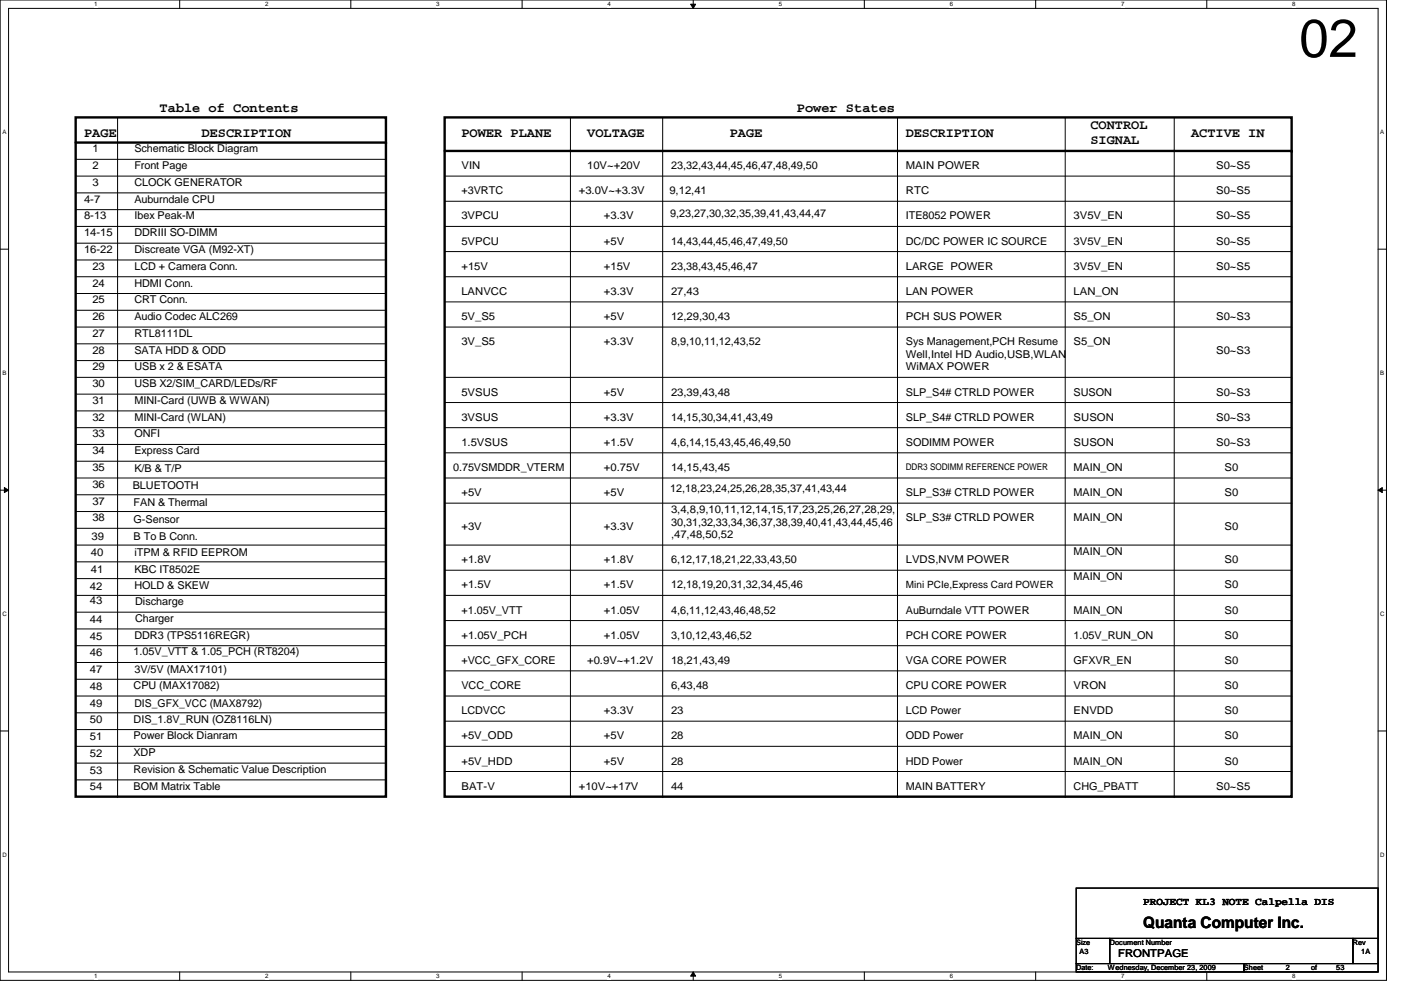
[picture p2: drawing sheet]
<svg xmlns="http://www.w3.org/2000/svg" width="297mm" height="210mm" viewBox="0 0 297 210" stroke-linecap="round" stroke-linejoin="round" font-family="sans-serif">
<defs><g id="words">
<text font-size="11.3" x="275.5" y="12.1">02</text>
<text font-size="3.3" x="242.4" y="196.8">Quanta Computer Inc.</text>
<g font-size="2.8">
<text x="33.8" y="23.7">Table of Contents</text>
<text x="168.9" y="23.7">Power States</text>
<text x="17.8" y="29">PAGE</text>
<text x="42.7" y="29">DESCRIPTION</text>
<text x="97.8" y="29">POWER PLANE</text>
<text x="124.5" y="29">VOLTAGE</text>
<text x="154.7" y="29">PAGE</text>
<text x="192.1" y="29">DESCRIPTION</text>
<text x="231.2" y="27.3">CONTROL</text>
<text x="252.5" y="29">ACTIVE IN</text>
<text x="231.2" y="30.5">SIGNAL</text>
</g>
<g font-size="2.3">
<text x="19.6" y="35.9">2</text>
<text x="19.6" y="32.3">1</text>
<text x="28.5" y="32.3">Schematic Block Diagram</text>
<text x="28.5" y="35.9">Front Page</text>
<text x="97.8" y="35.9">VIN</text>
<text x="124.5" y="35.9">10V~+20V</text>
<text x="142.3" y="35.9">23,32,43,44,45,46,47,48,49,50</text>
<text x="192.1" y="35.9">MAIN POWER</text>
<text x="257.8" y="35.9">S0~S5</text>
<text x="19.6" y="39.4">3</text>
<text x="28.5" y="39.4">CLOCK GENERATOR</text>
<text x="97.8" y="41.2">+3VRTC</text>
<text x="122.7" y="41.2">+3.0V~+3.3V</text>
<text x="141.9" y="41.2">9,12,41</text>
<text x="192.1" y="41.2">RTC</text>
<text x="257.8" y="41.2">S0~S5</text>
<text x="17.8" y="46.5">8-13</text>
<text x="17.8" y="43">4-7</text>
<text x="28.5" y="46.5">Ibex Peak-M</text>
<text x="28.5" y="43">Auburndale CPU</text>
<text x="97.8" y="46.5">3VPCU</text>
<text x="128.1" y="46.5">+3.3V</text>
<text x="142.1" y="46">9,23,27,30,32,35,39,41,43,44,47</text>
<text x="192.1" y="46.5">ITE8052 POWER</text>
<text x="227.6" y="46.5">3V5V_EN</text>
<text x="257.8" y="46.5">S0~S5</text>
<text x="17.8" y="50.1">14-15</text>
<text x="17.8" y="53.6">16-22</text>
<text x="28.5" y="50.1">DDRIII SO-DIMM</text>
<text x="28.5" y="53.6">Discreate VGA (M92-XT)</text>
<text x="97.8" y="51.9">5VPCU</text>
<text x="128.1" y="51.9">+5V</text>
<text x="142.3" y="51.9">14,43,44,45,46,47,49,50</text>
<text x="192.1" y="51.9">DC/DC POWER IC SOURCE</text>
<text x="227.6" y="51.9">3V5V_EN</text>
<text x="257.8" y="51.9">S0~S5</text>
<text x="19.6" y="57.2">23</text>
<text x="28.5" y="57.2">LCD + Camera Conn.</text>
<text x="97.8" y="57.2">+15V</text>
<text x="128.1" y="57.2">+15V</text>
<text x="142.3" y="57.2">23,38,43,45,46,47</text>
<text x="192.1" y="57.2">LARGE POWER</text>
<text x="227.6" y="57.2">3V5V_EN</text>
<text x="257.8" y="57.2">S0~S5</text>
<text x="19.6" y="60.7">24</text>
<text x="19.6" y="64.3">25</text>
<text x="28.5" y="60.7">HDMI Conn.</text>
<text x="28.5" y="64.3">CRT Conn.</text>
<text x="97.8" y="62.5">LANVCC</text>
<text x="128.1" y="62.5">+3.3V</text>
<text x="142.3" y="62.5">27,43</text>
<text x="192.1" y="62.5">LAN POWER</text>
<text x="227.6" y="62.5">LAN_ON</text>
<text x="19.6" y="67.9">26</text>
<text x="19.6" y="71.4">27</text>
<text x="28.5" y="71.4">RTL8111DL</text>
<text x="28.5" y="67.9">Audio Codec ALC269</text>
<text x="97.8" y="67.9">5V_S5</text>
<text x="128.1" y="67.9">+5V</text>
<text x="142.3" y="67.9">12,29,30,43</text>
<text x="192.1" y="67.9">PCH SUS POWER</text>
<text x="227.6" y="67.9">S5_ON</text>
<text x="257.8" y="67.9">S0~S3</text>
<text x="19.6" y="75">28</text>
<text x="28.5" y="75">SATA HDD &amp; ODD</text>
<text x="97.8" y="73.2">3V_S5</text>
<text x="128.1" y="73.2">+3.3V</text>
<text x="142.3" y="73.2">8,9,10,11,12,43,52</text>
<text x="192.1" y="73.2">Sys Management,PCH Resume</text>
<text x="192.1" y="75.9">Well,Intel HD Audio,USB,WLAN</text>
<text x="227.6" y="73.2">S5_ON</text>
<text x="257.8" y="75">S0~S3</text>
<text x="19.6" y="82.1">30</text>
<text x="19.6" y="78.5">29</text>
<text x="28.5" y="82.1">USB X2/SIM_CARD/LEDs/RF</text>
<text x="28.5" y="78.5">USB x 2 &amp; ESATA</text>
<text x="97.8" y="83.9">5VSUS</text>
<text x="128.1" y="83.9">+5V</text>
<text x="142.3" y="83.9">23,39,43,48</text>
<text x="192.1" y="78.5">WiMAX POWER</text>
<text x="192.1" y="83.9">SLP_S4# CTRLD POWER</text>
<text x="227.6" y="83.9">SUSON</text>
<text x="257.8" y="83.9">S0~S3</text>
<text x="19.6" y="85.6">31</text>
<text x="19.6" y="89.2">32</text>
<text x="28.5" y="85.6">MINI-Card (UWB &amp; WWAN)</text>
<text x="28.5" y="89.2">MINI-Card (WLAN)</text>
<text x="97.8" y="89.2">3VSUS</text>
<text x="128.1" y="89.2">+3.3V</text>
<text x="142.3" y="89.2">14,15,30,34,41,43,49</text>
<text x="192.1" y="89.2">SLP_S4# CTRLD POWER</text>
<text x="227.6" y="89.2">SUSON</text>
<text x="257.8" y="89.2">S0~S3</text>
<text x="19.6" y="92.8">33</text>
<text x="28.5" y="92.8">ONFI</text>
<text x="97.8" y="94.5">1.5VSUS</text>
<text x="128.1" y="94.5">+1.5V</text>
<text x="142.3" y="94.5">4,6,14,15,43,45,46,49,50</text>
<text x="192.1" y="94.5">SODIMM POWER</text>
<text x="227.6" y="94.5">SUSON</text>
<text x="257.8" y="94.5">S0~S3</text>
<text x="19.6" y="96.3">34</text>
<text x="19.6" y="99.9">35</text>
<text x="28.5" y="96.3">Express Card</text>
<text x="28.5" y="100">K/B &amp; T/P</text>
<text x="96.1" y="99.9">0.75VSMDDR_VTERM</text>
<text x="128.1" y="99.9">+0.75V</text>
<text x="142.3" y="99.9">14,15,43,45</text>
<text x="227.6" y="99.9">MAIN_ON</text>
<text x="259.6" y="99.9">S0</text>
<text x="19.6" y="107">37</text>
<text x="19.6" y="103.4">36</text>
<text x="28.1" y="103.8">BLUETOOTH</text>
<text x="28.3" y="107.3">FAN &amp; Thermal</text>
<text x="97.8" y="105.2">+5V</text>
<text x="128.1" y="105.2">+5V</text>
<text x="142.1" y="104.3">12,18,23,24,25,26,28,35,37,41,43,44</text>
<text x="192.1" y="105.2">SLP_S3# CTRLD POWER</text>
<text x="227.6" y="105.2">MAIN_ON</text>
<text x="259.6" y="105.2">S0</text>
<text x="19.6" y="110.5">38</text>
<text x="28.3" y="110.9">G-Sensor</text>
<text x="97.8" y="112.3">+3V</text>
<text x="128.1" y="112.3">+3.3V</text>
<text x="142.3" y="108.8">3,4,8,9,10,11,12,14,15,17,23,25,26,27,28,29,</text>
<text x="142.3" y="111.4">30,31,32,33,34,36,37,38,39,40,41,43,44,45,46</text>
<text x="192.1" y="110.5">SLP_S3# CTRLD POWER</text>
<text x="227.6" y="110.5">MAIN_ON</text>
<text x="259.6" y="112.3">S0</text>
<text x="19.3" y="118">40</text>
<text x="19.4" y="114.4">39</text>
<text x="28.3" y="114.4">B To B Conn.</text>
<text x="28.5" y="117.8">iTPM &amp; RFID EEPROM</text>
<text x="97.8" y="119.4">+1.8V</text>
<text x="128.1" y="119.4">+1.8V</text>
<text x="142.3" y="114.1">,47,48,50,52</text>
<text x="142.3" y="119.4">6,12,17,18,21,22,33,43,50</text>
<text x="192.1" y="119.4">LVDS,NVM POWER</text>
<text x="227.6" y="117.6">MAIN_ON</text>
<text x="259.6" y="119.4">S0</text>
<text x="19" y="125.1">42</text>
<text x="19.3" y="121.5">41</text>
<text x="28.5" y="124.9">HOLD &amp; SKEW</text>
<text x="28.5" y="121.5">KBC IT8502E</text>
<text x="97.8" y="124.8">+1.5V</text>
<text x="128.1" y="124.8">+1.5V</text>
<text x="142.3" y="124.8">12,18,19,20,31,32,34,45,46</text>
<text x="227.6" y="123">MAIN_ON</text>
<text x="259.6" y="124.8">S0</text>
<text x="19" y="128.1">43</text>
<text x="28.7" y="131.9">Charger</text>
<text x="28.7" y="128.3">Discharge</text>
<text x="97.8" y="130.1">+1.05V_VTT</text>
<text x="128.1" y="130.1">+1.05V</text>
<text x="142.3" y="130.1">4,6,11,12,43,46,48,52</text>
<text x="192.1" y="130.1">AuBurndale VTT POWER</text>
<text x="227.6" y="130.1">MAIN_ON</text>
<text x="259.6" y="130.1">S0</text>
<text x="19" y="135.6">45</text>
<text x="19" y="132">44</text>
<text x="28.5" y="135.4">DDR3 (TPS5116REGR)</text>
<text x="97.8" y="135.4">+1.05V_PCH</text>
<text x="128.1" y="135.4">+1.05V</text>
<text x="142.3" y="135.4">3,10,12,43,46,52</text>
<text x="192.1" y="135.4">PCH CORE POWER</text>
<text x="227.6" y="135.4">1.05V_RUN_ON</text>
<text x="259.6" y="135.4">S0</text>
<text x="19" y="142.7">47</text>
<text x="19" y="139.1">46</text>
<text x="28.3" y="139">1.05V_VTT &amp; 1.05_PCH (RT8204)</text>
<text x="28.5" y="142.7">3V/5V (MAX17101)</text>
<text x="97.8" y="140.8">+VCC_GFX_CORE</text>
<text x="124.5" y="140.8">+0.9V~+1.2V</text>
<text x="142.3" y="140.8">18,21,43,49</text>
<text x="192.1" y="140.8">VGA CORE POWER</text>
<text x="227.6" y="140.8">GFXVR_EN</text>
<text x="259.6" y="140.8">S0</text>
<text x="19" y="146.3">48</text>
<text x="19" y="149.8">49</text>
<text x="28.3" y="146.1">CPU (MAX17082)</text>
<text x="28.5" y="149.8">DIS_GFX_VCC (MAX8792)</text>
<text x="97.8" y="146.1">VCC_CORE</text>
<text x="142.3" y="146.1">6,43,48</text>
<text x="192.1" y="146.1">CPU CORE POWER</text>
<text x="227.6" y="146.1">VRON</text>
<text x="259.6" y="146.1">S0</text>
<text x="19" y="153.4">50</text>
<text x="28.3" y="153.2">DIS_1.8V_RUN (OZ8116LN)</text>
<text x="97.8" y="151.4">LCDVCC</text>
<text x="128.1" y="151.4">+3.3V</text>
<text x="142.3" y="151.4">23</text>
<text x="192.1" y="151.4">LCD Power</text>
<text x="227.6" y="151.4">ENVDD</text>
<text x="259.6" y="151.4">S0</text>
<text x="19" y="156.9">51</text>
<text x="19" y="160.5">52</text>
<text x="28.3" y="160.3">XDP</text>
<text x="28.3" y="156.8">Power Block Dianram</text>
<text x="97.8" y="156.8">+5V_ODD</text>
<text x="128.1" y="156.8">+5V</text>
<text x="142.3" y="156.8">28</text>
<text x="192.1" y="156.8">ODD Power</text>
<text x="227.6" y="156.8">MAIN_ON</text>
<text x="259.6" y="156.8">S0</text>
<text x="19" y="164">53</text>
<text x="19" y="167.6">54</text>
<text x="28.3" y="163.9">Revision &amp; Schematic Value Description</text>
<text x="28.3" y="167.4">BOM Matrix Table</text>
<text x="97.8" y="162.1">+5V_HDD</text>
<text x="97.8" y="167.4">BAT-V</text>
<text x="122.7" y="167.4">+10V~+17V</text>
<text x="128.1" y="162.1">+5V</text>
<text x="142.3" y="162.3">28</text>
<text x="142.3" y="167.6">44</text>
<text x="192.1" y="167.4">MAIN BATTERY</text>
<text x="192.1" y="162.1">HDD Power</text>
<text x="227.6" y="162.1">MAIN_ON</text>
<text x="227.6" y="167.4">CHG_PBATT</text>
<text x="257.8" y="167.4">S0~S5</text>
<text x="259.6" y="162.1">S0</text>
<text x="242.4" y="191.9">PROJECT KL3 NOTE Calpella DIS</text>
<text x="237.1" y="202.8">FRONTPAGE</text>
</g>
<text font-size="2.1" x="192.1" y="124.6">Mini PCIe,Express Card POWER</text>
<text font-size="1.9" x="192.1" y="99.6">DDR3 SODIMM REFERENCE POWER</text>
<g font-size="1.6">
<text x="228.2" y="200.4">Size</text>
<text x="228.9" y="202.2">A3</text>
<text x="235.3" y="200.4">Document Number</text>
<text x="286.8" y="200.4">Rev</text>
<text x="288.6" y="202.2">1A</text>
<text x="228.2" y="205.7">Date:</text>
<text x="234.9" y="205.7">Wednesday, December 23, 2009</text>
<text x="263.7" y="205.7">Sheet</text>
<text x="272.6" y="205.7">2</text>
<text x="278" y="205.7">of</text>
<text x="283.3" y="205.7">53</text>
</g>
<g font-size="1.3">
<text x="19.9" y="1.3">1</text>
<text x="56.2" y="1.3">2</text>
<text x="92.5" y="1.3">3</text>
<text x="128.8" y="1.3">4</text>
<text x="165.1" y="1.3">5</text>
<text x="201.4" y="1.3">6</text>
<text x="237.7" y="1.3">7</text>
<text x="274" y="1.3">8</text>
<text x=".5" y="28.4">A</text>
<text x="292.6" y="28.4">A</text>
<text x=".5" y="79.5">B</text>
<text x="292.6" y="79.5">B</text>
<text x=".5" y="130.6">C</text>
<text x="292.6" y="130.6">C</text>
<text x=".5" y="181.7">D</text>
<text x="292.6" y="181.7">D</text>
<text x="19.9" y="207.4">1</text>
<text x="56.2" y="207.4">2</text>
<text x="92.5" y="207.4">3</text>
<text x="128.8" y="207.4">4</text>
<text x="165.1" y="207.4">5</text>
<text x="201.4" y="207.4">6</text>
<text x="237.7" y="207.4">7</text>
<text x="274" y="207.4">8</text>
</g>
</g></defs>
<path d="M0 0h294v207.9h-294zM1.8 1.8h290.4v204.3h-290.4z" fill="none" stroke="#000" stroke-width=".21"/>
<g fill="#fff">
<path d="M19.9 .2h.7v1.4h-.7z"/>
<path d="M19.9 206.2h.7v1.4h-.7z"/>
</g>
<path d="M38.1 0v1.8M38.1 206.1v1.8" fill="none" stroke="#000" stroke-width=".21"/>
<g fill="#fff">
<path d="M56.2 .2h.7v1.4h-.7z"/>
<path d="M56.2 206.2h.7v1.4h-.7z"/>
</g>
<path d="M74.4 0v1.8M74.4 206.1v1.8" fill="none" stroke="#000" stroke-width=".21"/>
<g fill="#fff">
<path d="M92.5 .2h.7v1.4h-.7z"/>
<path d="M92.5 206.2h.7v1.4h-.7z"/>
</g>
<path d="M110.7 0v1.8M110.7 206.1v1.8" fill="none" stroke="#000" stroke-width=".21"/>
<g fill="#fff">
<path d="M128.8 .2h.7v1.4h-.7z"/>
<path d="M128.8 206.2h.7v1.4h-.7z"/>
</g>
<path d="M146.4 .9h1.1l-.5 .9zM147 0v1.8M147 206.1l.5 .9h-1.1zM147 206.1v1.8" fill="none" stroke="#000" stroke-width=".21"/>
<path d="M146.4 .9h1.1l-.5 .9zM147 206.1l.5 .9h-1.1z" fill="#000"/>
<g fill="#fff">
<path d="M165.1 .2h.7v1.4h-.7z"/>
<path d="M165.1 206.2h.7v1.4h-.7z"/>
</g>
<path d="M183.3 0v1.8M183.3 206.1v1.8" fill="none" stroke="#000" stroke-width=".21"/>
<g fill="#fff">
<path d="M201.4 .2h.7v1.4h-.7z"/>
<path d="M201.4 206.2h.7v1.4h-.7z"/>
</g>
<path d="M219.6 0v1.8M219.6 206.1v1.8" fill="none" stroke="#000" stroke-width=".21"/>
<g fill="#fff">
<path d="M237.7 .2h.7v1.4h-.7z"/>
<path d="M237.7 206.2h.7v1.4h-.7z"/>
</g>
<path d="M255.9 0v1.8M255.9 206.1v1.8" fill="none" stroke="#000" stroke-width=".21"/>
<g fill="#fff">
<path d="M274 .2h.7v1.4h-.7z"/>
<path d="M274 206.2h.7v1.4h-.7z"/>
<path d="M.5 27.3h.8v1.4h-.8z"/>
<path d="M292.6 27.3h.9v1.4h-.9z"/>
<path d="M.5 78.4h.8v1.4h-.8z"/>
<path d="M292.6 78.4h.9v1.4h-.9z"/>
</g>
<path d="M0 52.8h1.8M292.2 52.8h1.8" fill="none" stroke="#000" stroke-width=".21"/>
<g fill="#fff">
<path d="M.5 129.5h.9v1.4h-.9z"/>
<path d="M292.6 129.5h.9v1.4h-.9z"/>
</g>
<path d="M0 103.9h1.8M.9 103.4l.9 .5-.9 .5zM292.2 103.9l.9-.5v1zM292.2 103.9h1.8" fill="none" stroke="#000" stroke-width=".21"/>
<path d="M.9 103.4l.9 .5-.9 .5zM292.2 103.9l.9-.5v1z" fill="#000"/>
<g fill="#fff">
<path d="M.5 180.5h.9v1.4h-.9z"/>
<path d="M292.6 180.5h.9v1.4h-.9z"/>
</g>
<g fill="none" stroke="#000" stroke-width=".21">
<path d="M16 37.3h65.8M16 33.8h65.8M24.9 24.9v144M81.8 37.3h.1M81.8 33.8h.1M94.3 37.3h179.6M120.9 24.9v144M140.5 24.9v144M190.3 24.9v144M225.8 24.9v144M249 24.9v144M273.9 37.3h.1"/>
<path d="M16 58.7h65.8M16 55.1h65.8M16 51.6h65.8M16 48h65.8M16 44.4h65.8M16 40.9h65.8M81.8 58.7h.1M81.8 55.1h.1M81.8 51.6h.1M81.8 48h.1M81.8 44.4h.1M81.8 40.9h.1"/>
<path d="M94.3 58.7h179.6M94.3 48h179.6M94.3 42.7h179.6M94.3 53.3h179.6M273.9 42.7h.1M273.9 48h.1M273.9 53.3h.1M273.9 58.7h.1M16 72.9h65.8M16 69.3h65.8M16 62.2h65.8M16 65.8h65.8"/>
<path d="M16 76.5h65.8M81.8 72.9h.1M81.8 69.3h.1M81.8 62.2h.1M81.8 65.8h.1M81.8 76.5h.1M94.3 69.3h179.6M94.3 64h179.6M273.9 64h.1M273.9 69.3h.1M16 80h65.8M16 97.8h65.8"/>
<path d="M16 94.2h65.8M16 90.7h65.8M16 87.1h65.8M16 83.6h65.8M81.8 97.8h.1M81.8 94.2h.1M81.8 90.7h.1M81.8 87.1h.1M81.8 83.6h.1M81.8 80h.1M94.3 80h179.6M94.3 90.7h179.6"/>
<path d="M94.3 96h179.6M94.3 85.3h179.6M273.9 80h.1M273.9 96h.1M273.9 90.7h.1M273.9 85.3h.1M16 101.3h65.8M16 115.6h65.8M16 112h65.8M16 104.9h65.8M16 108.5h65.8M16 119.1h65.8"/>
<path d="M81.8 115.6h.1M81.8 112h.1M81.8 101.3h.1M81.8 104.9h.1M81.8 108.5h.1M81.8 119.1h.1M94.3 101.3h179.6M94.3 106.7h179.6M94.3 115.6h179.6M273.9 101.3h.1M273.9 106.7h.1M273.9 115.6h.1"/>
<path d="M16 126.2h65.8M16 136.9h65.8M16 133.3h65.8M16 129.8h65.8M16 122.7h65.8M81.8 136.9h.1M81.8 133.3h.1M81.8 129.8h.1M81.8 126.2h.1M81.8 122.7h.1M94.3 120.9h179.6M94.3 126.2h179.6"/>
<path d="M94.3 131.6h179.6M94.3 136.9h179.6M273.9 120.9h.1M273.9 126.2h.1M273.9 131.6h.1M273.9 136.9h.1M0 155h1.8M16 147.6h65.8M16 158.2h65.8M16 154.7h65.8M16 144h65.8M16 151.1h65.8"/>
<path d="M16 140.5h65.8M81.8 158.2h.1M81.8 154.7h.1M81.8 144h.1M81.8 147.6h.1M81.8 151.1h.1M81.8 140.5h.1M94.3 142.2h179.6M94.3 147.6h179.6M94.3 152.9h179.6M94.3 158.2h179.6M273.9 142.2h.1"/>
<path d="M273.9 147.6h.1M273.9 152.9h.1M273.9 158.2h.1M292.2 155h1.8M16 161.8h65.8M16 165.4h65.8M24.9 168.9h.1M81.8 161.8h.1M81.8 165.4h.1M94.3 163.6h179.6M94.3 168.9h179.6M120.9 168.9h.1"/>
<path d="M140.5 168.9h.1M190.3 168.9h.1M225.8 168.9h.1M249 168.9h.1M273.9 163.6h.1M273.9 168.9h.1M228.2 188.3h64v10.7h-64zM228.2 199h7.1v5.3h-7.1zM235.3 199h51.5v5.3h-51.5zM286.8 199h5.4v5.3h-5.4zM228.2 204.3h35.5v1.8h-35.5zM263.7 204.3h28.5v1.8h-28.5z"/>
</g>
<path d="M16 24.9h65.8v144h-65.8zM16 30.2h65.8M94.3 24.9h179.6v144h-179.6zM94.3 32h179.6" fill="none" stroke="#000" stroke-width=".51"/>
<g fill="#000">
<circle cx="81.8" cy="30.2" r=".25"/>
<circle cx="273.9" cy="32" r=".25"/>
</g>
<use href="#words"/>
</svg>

> [What to work on]: For every line above that includes the word "WLAN", return the line.

> [Result of the task]:
<text x="192.1" y="75.9">Well,Intel HD Audio,USB,WLAN</text>
<text x="28.5" y="89.2">MINI-Card (WLAN)</text>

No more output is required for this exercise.